Dunlap released the final wording of the question on June 23, which read as "Do you want to add a 3% tax on individual Maine taxable income above $200,000 to create a state fund that would provide direct support for student learning in kindergarten through 12th grade public education?"

==Campaign==
The Maine State Chamber of Commerce formed a PAC called No on Question 2 on August 2, 2016. Chamber President Dana Connors said that while they support strong education funding, it should be done in a manner that does not affect the economy. He went on to state that such a tax would discourage professionals from living in Maine.
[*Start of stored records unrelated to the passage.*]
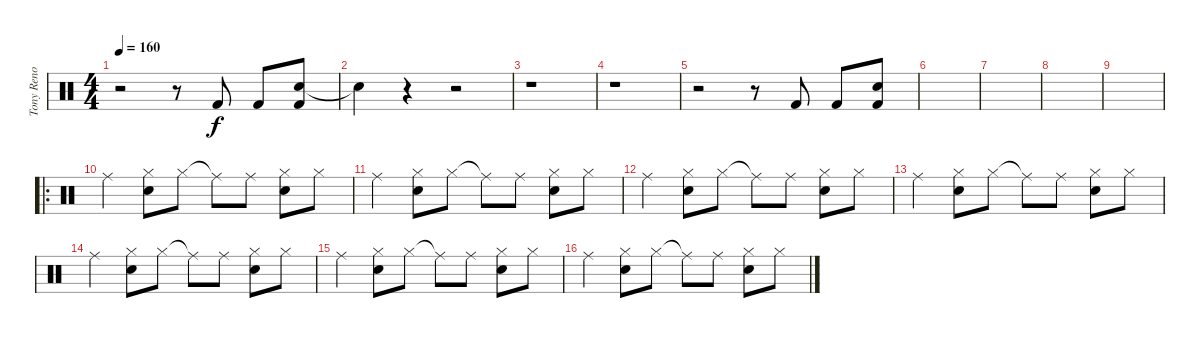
\track ("Tony Reno" "Tony Reno") {instrument percussion}
\staff {score}
\articulation defaults
\ts (4 4)
\tempo 160
\clef neutral
\ks c
r.2{dy f} r.8 "Kick (hit) 2".8 "Kick (hit) 2".8 ("Snare (hit) 2" "Kick (hit) 2").8 |
"Snare (hit)"{t}.4 r.4 r.2 |
r.1 |
r.1 |
r.2 r.8 "Kick (hit) 2".8 "Kick (hit) 2".8 ("Snare (hit) 2" "Kick (hit) 2").8 |
|
|
|
|
\ro "Ride (middle)".4
("Hi-Hat (closed)" "Snare (hit) 2").8 "Hi-Hat (closed)".8 "Ride (middle)"{t}.8 "Ride (middle)".8 ("Hi-Hat (closed)" "Snare (hit) 2").8 "Hi-Hat (closed)".8 |
"Ride (middle)".4 ("Hi-Hat (closed)" "Snare (hit) 2").8 "Hi-Hat (closed)".8 "Ride (middle)"{t}.8 "Ride (middle)".8 ("Hi-Hat (closed)" "Snare (hit) 2").8 "Hi-Hat (closed)".8 |
"Ride (middle)".4 ("Hi-Hat (closed)" "Snare (hit) 2").8 "Hi-Hat (closed)".8 "Ride (middle)"{t}.8 "Ride (middle)".8 ("Hi-Hat (closed)" "Snare (hit) 2").8 "Hi-Hat (closed)".8 |
"Ride (middle)".4 ("Hi-Hat (closed)" "Snare (hit) 2").8 "Hi-Hat (closed)".8 "Ride (middle)"{t}.8 "Ride (middle)".8 ("Hi-Hat (closed)" "Snare (hit) 2").8 "Hi-Hat (closed)".8 |
"Ride (middle)".4 ("Hi-Hat (closed)" "Snare (hit) 2").8 "Hi-Hat (closed)".8 "Ride (middle)"{t}.8 "Ride (middle)".8 ("Hi-Hat (closed)" "Snare (hit) 2").8 "Hi-Hat (closed)".8 |
"Ride (middle)".4 ("Hi-Hat (closed)" "Snare (hit) 2").8 "Hi-Hat (closed)".8 "Ride (middle)"{t}.8 "Ride (middle)".8 ("Hi-Hat (closed)" "Snare (hit) 2").8 "Hi-Hat (closed)".8 |
"Ride (middle)".4 ("Hi-Hat (closed)" "Snare (hit) 2").8 "Hi-Hat (closed)".8 "Ride (middle)"{t}.8 "Ride (middle)".8 ("Hi-Hat (closed)" "Snare (hit) 2").8 "Hi-Hat (closed)".8

===Notable endorsements===
====Supporters====
- Maine Association of School Libraries
- Maine Children's Alliance
- Maine Education Association
- Maine Parent Teacher Association
- Maine Small Business Coalition
- Machinists (IAM) Local S7
- Maine People's Resource Center
- Maine People's Alliance
- Maine AFL–CIO
- Maine State Employees Association
- Maine Center for Economic Policy

====Opponents====
- John Baldacci, former Governor of Maine
- Paul LePage, Governor of Maine
- Stephen Bowen, former Commissioner of the Maine Department of Education
- Jim Rier, former Commissioner of the Maine Department of Education
- Maine Heritage Policy Center
- Maine State Chamber of Commerce
- Bangor Daily News
- MaineToday Media newspapers; Portland Press Herald, Kennebec Journal, Morning Sentinel

===Polling===

| Date of opinion poll | Conducted by | Sample size (likely voters) | Yes | No | Undecided | Margin of Error |
|---|---|---|---|---|---|---|
| October 20–25, 2016 | University of New Hampshire | 761 | 57% | 34% | 9% | ±3.6% |
| September 15–20, 2016 | University of New Hampshire | 506 | 60% | 32% | 8% | ±4.3% |

==Results==
Uncertified results indicated that Question 2 passed by a margin of around 10,000 votes. Due to the closeness of the result, opponents of Question 2 filed a petition for a recount, then withdrew their petition on November 29.

Question 2 Results
| County | Yes | Votes | No | Votes |
|---|---|---|---|---|
| Androscoggin | 49.84% | 28,133 | 50.16% | 28,317 |
| Aroostook | 51.55% | 18,209 | 48.45% | 17,117 |
| Cumberland | 52.44% | 91,039 | 47.56% | 82,568 |
| Franklin | 48.69% | 8,200 | 51.31% | 8,641 |
| Hancock | 48.72% | 15,831 | 51.28% | 16,662 |
| Kennebec | 49.56% | 33,211 | 50.44% | 33,807 |
| Knox | 53.67% | 12,555 | 46.33% | 10,839 |
| Lincoln | 49.67% | 10,850 | 50.33% | 10,993 |
| Oxford | 50.49% | 16,089 | 49.51% | 15,777 |
| Penobscot | 47.10% | 38,369 | 52.90% | 43,102 |
| Piscataquis | 42.23% | 3,948 | 57.77% | 5,401 |
| Sagadahoc | 51.40% | 11,313 | 48.60% | 10,698 |
| Somerset | 46.04% | 12,165 | 53.96% | 14,258 |
| Waldo | 51.27% | 11,776 | 48.73% | 11,192 |
| Washington | 46.49% | 7,759 | 53.51% | 8,930 |
| York | 52.80% | 61,137 | 47.20% | 54,663 |
| UOCAVA | 76.31% | 2,844 | 23.69% | 883 |
| Total | 50.63% | 383,428 | 49.37% | 373,848 |

== Repeal ==
The creation of the surtax became a point of contention in state budget negotiations for the 2017–2018 budget, with Governor LePage and minority House Republicans opposed to any tax increases in the budget. A budget that did not eliminate the surtax passed the Republican-controlled Maine Senate, but not the House, leading to a shutdown of Maine state government at the end of the fiscal year on June 30. Three days later, negotiators agreed to, and LePage signed, a budget that eliminated the surtax but added an additional $162 million for public education to the budget.